Kirghizstan, Kirghizistan ou Kirghizie,

trois appellations officielles pour un pays grand comme un tiers de la France, au coeur de l'Asie Centrale et situé sur un des carrefours important de la Route de la Soie ou Thian-Chan et Pamir se confondent avec le ciel.

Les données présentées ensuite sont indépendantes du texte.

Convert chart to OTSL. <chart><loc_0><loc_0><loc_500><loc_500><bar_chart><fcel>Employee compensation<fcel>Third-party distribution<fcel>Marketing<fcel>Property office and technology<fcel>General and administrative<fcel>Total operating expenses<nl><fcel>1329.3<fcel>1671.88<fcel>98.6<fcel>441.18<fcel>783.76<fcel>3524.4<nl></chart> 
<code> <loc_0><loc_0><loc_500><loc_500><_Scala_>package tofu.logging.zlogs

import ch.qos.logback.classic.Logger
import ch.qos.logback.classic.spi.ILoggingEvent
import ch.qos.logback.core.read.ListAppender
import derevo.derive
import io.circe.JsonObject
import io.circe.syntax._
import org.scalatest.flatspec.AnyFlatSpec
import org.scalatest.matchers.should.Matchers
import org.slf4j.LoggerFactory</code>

Pays de traditions nomades ou les espaces vierges et grandioses n'accueillent que les troupeaux emmenés en estive et ou le berger respecte un rituel séculaire " ou j'attache mon cheval sera mon paturage, ou j'allume le feu sera ma demeure " permettant de renouer avec l'habitat traditionnel la yourte, longtemps laisser au placard durant l'époque soviètique.



carte de la kirghizie


Le pays se trouve à une altitude moyenne de 3000 m, est divisé en six régions administratives, est formé de deux grandes vallées, Tchou et Ferghana accueillant la majorité de la population sur 10% du territoire, les monts célestes et les nombreux lacs dont l'Issik-Koul, la mer d'ici, couvrant le reste de la superficie.

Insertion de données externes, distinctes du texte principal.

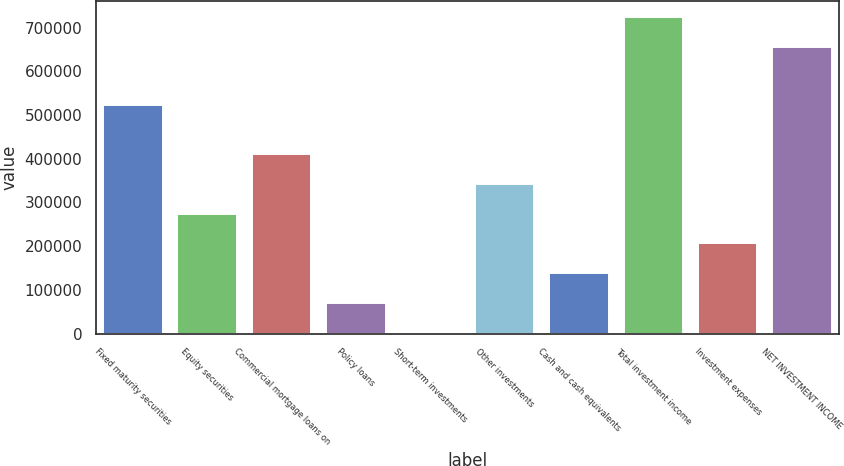Convert chart. <chart><loc_0><loc_0><loc_500><loc_500><bar_chart><fcel>Fixed maturity securities<fcel>Equity securities<fcel>Commercial mortgage loans on<fcel>Policy loans<fcel>Short-term investments<fcel>Other investments<fcel>Cash and cash equivalents<fcel>Total investment income<fcel>Investment expenses<fcel>NET INVESTMENT INCOME<nl><fcel>522309<fcel>274072<fcel>410132<fcel>69980.4<fcel>1950<fcel>342102<fcel>138011<fcel>724459<fcel>206041<fcel>656429<nl></chart>

En venant dans ce pays laïc, au régime présidentiel et parlementaire vous cotoierez 80 éthnies différentes preuve des grandes migrations qui ont eu lieu au cours des siècles.


Le Kirghizistan est un pays d’Asie Centrale, encadré par la Chine à l’Est et au Sud-Est, le Kazakhstan au Nord, l’Ouzbékistan à L’ouest et le Tadjikistan au Sud-Ouest.
Le pays est entièrement enclavé et ne possède aucun accès à la mer.
Le pays est presque totalement montagneux avec une altitude moyenne de près de 2800 m, plus de 40% du territoire étant au dessus de 3000 m, le point le plus bas se situant dans la vallée de Kara-Darya (132 m) et le plus haut avec le Pic Pobedy (Victoire en russe) 7439 m.
La chaine du Tian-Shan à l’est marque la frontière avec la Chine, à l’ouest, les chaînes du Fergana (nord) et du Pamir Alaï (au Sud) prennent en tenaille la vallée du Fergana.
La chaîne du Pamir Alaï culminant à 7134 m avec le Pic Lénine.
Pour parachever l’emprise de la montagne sur le pays et finr de l’entrecoupé, la chaine intérieures des crêtes kirghizes culminant à 5000 m.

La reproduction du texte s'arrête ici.